EXERCISE INSTRUCTIONS:
State the number of lines in the listing that contain "starting". No further words are expected.

DATA SHOWN:
--- START ---
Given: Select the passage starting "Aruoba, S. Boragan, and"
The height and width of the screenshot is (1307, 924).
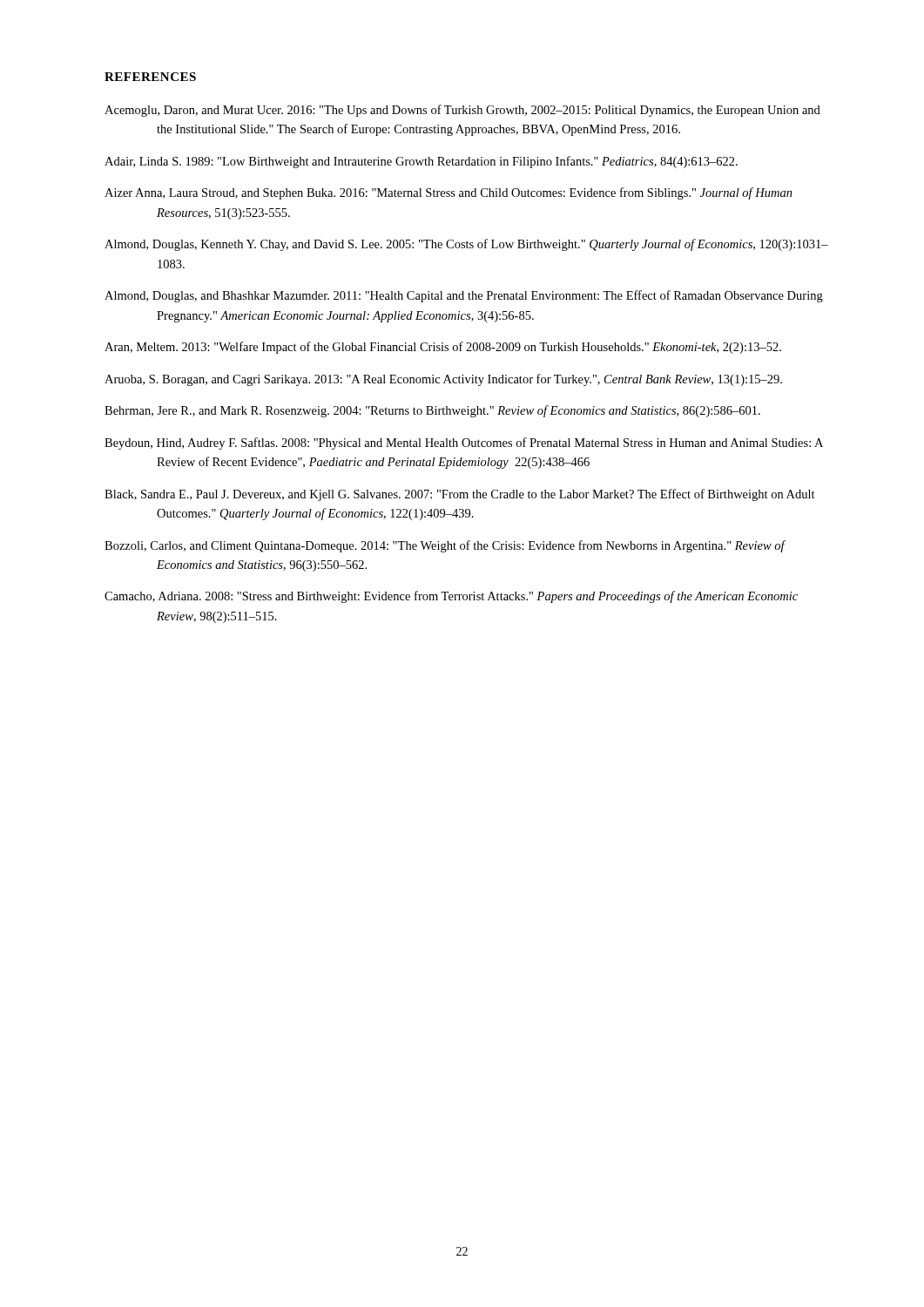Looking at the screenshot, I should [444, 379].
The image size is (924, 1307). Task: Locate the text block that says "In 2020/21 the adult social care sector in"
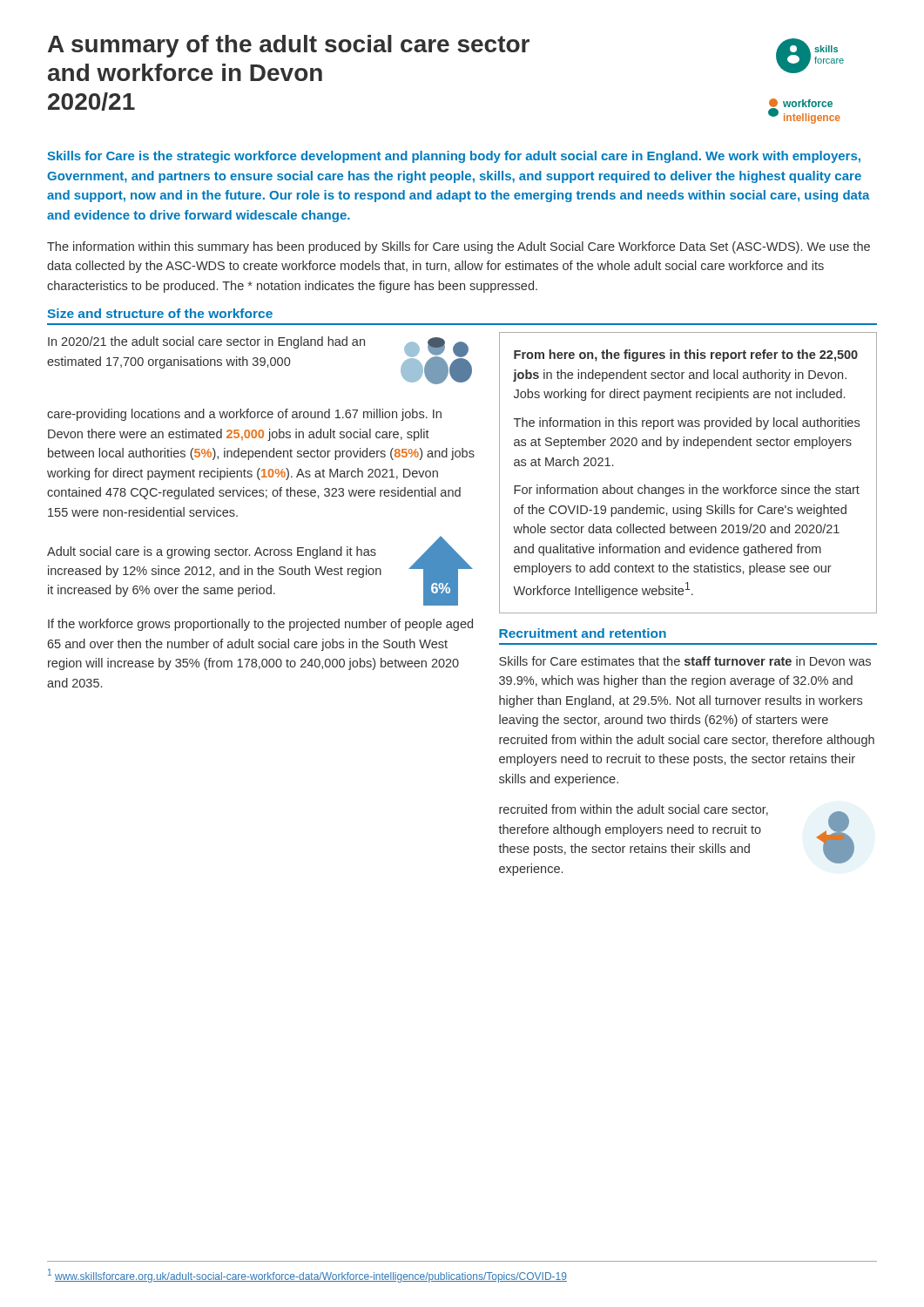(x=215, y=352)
--- END ---
--- START ---
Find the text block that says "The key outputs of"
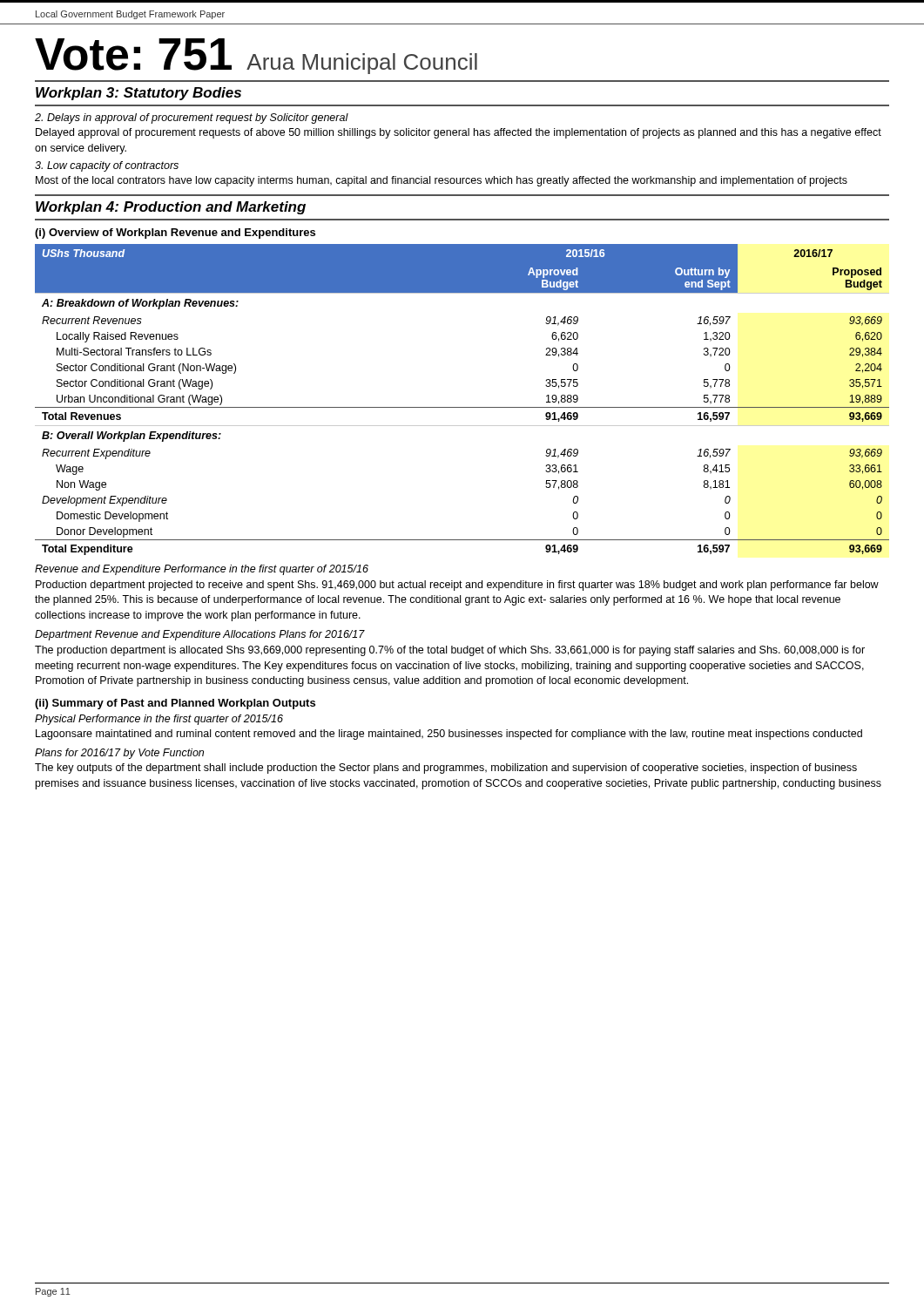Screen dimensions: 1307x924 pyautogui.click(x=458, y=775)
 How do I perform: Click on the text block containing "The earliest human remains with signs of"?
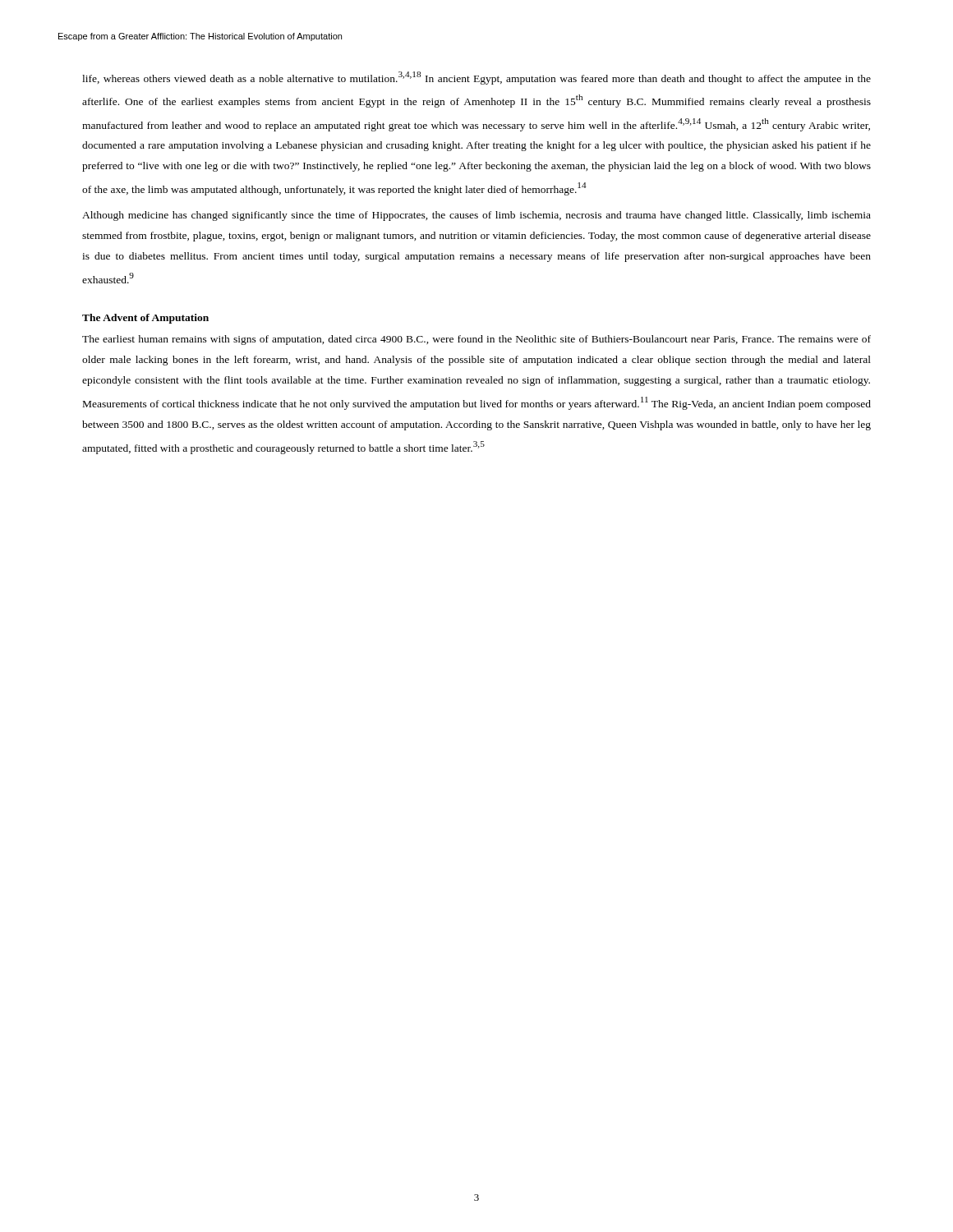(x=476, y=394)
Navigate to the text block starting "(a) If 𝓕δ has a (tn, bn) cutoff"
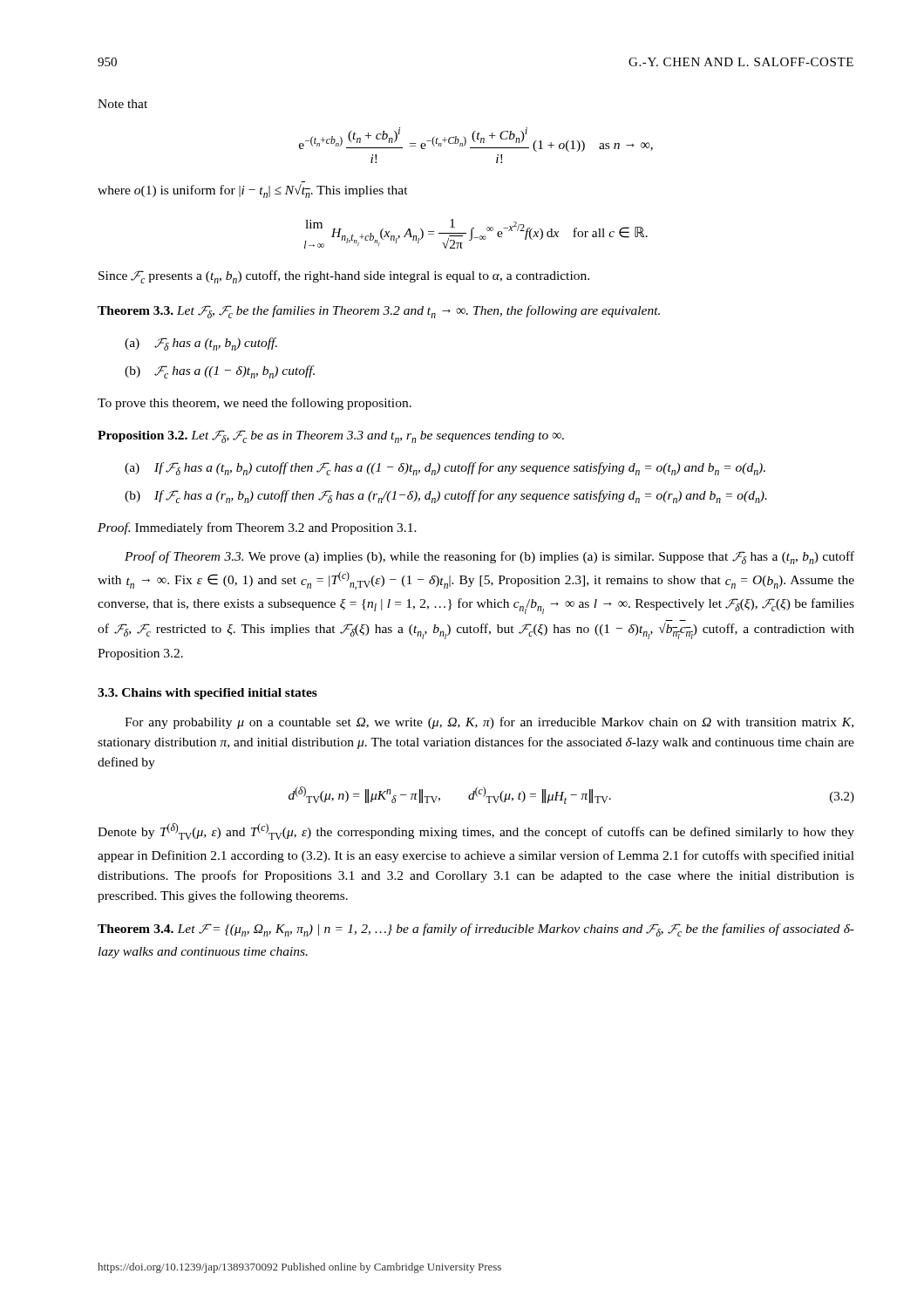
--- END ---
--- START ---
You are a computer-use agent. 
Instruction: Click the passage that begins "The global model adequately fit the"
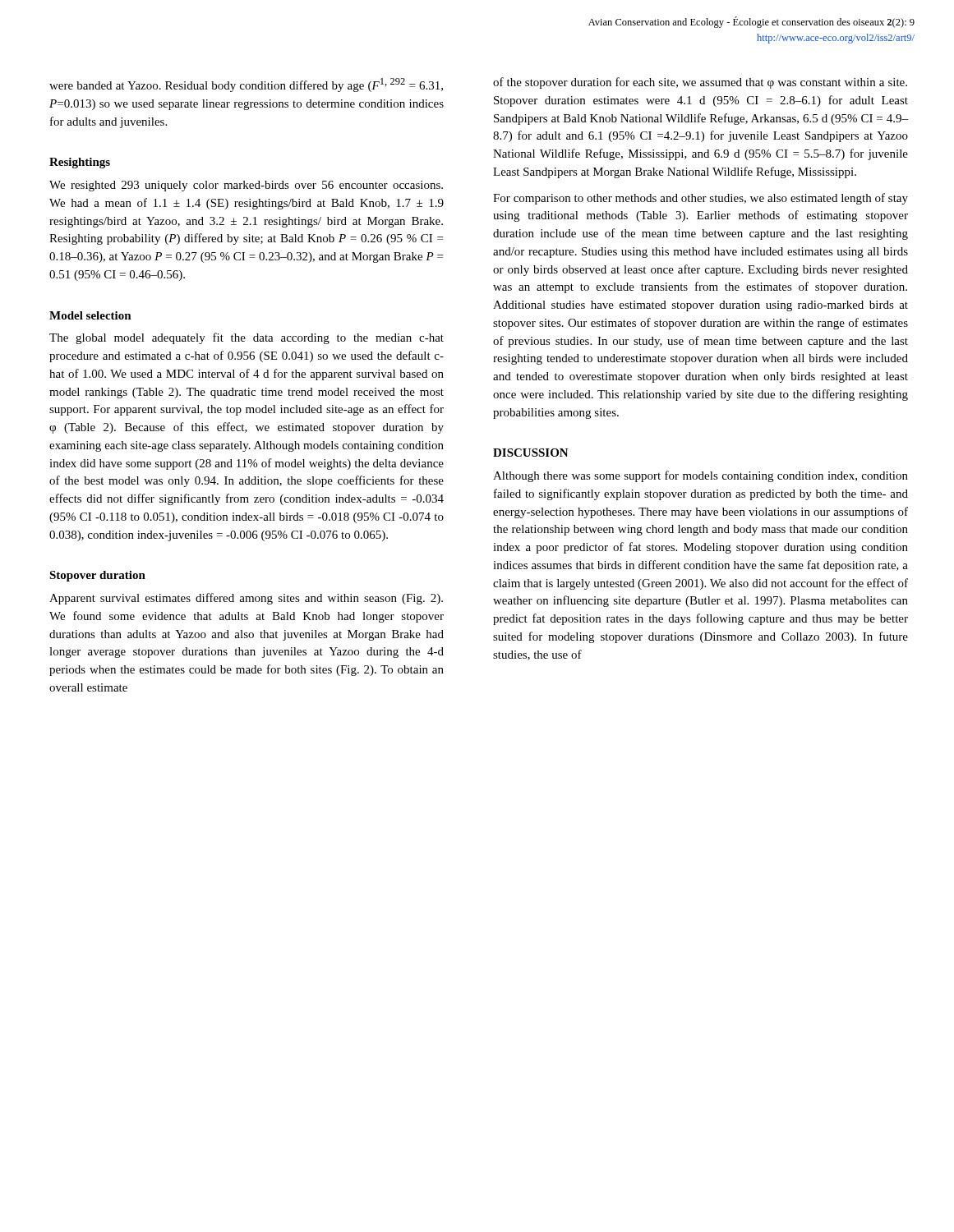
--- END ---
EXPECTED ANSWER:
2